Note that the file name will be a combination of the directory name ("documents") and the file name returned by readdir().
Note too that you should probably check for directories (or, at least, for "." and "..", the current and parent directories).
The book "Ruminations on C++" by Andrew Koenig and Barbara Moo has a chapter that discusses how to wrap the opendir() family of functions in C++ to make them behave better for a C++ program.
Heather asks:
What do I put in getline() instead of cin?
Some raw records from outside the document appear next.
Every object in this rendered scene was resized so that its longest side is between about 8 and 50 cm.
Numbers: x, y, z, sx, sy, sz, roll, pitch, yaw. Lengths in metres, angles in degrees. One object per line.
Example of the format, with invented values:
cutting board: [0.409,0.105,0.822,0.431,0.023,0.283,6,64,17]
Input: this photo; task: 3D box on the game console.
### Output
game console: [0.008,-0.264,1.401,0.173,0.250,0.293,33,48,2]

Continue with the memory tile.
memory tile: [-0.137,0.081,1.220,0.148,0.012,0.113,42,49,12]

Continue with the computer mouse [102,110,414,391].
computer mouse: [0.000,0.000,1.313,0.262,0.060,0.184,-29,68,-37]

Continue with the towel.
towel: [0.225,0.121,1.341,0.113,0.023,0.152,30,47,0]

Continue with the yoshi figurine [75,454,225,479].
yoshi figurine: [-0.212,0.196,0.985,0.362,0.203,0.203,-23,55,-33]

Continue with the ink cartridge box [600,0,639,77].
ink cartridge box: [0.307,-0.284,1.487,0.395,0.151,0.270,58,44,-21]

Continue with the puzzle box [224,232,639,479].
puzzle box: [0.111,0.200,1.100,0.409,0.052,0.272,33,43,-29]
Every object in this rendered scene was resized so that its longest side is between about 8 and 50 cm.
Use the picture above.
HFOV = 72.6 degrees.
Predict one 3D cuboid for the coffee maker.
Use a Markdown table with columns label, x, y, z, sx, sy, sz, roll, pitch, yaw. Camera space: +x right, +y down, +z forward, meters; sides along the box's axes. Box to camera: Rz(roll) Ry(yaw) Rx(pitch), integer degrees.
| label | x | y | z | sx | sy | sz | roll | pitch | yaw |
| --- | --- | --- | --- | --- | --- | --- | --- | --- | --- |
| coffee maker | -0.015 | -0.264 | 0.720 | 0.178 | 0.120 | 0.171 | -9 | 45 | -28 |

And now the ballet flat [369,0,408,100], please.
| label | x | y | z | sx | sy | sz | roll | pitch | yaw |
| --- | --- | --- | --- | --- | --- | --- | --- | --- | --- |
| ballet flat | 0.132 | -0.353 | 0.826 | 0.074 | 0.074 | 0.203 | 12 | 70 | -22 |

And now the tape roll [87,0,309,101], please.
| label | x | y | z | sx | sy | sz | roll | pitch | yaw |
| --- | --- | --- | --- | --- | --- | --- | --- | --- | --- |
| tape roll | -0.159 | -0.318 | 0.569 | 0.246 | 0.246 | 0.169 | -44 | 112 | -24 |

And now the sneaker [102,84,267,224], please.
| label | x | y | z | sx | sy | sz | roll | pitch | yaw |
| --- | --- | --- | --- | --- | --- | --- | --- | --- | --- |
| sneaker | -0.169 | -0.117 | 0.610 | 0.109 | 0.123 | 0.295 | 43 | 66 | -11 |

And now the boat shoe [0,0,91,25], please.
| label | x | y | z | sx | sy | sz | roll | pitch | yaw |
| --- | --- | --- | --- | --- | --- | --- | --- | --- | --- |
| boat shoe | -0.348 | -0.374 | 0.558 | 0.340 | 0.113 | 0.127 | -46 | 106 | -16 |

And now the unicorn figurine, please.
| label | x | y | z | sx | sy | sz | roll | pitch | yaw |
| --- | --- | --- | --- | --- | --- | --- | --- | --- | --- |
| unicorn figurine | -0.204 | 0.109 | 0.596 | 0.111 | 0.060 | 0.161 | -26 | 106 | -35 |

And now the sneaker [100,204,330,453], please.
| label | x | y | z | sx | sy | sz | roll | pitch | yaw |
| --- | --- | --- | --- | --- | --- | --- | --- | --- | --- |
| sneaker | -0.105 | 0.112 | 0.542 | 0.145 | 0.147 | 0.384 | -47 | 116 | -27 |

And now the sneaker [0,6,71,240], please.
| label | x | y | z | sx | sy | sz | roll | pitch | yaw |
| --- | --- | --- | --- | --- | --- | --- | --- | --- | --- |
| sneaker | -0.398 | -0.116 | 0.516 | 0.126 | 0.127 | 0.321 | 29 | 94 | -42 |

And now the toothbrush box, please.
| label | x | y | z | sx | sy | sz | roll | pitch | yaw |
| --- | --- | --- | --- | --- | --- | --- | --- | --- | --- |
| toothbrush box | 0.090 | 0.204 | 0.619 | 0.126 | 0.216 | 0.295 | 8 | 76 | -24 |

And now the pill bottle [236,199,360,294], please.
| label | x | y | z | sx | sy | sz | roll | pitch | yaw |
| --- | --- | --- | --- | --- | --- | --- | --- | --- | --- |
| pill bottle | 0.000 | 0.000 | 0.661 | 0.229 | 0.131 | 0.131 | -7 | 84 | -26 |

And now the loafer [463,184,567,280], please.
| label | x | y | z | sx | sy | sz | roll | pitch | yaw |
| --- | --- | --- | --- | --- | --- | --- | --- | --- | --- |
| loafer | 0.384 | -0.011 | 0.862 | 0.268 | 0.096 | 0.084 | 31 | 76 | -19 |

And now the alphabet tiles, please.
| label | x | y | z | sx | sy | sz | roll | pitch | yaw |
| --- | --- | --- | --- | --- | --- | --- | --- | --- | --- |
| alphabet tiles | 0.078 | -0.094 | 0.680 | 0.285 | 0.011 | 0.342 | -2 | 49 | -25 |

The code at the moment reads from standard input, aka cin at the moment. That means that if you launch your program with ./a.out < program.cpp, it will read your program.cpp file, regardless of what it finds in the directory. So, you need to create a new input file stream based on the file you've found with readdir():
while (pent = readdir(pdir))
{
...create name from "documents" and pent->d_name
...check that name is not a directory
...open the file for reading (only) and check that it succeeded
...use a variable such as fin for the file stream
// read in values line by line, then word by word
while (getline(fin, line))
{
...processing of lines as before...
}
}
You probably can get away with just opening the directories since the first read operation (via getline()) will fail (but you should probably arrange to skip the . and .. directory entries based on their name). If fin is a local variable in the loop, then when the outer loop cycles around, fin will be destroyed, which should close the file.